加藤 2007年のASCOでは、セツキシマブの効果よりもQOLの改善に関する発表が目立ち、ターミナルに近づいた症例に緩和的に使用してQOLを改善できればと思ったのですが、臨床で使われた実感はいかがですか。
室 治療効果が出ればQOLも改善すると思うのですが、やはり皮疹が問題で、積極的に皮疹の治療を講じる必要があります。現状では、CPT-11不応症例へのCPT-11+セツキシマブという使い方がよいのではないかと思っています。
小松 実際にCPT-11不応症例でも、セツキシマブを併用することで非常によく効く方はいらっしゃいますね。4th-line、5th-lineで使用してもCT上で腫瘍が急速に縮小してくる症例があり、すごい薬が登場したなと思いました。
吉野 個人的には肺癌のゲフィチニブと同じように、限られたポピュレーションに著効するという印象があります。
久保田 ただ、室先生もご指摘のように、皮疹が相当ひどいため、もともと症状のない症例に使った場合、逆にQOLは低下するように思います。それでは、セツキシマブの皮疹に対してはどのような対処をされていますか。
吉野 アトピー性皮膚炎と同じような状態になりますので、風呂上がりなどに保湿剤を全身に塗布し、皮疹のひどい箇所にはステロイド外用剤、ミノマイシンの内服、化膿しそうな箇所には抗生剤含有の外用剤を使うように指導しています。
また、皮疹と治療効果は相関するといわれていますが、投与量と皮疹にも強い相関があることが報告されています。
EVEREST試験7)ではgrade 2の皮疹が現れるまでセツキシマブを増量したところ、常用量群に比べPR率が上昇したと報告されています。とはいえ、皮疹がひどくて中止を余儀なくされそうな患者さんには、やはり減量が望ましいと思います。
佐藤 分子標的治療薬全体にいえることですが、真の至適投与量、投与方法はまだ確定していないように思います。
吉野 何をもって推奨用量とするかが定かではないですね。最大耐用量(MTD)で決めている薬剤もあれば、最小効果が出た投与量を適正用量としている薬剤もあります。
「panitumumabは推奨用量が多すぎるために併用療法がうまくいかないのではないか」という指摘もあります。

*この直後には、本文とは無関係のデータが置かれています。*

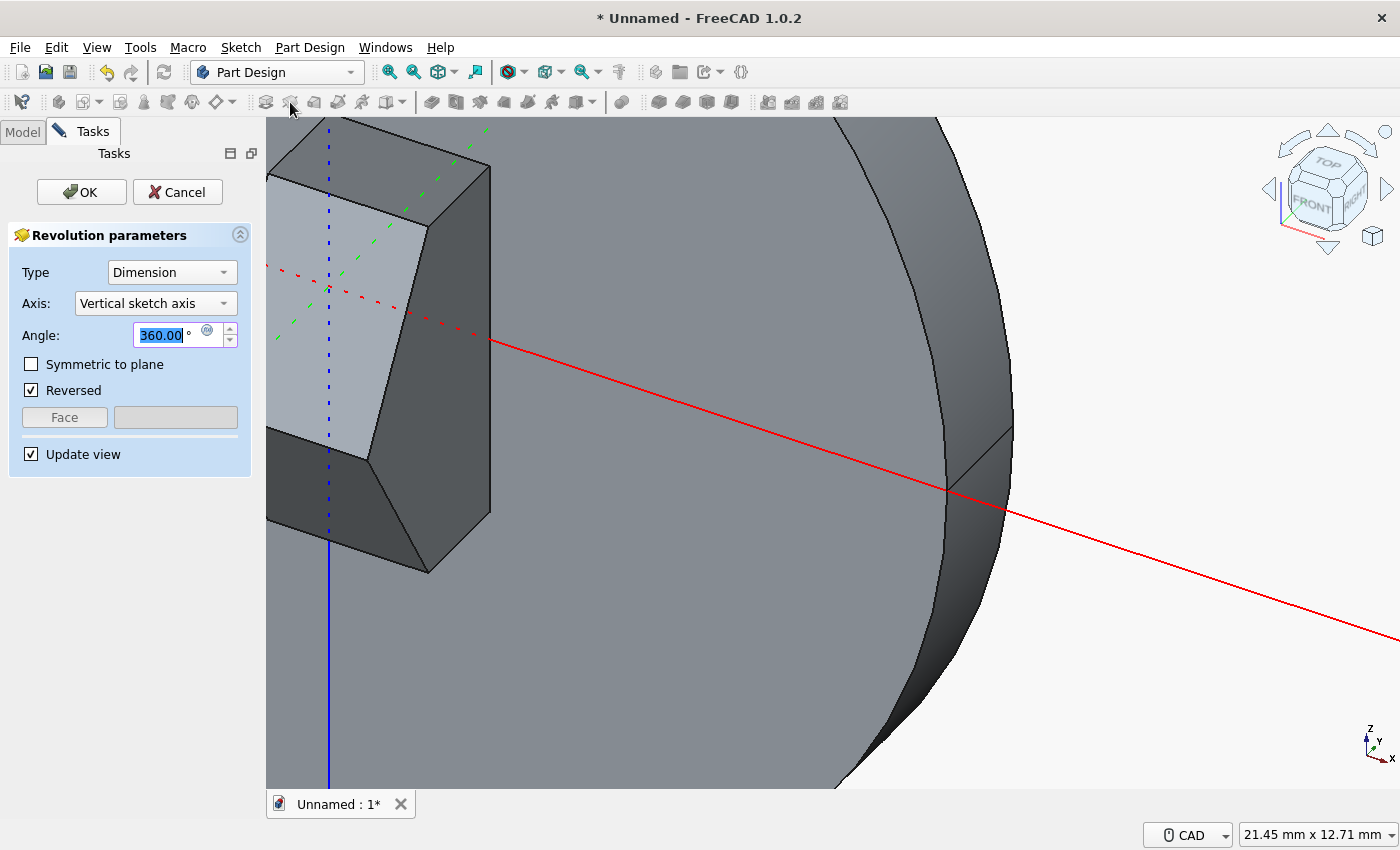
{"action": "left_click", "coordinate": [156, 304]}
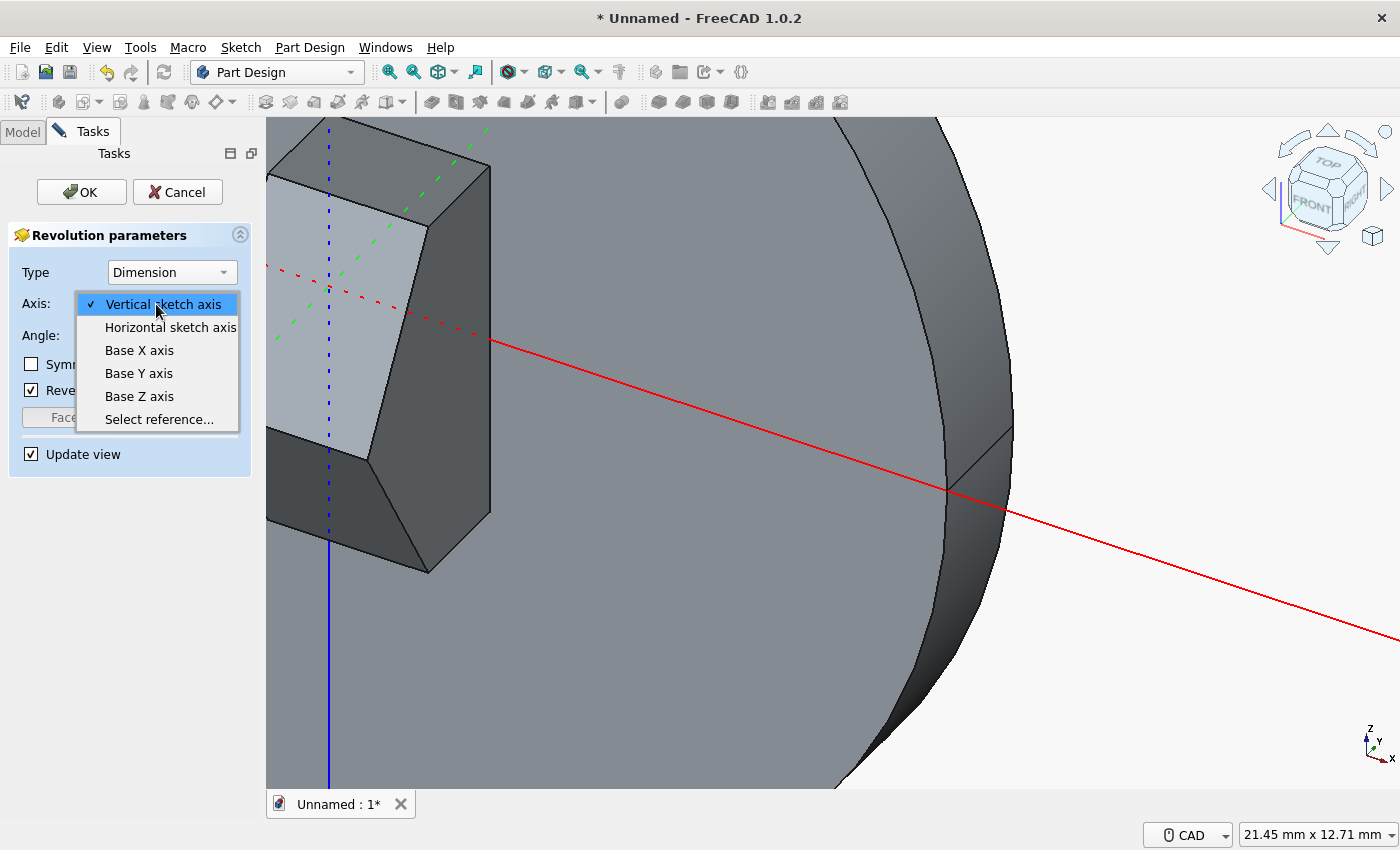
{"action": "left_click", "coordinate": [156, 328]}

久保田 当初、分子標的治療薬は副作用が少ないといわれていましたが、実際にはベバシズマブでは消化管穿孔・高血圧・蛋白尿・出血、セツキシマブでは皮疹など、楽観視できない副作用が現れました。今後は、従来の抗癌剤にはなかったような新たな副作用が重要な問題になってくると思います。
佐藤 分子標的治療薬は導入され始めたばかりでこれからという状況ですから、期待を抱きながらも今後を見守っていく必要がありそうですね。
久保田 本日はお忙しい中にお集まりいただき、どうもありがとうございました。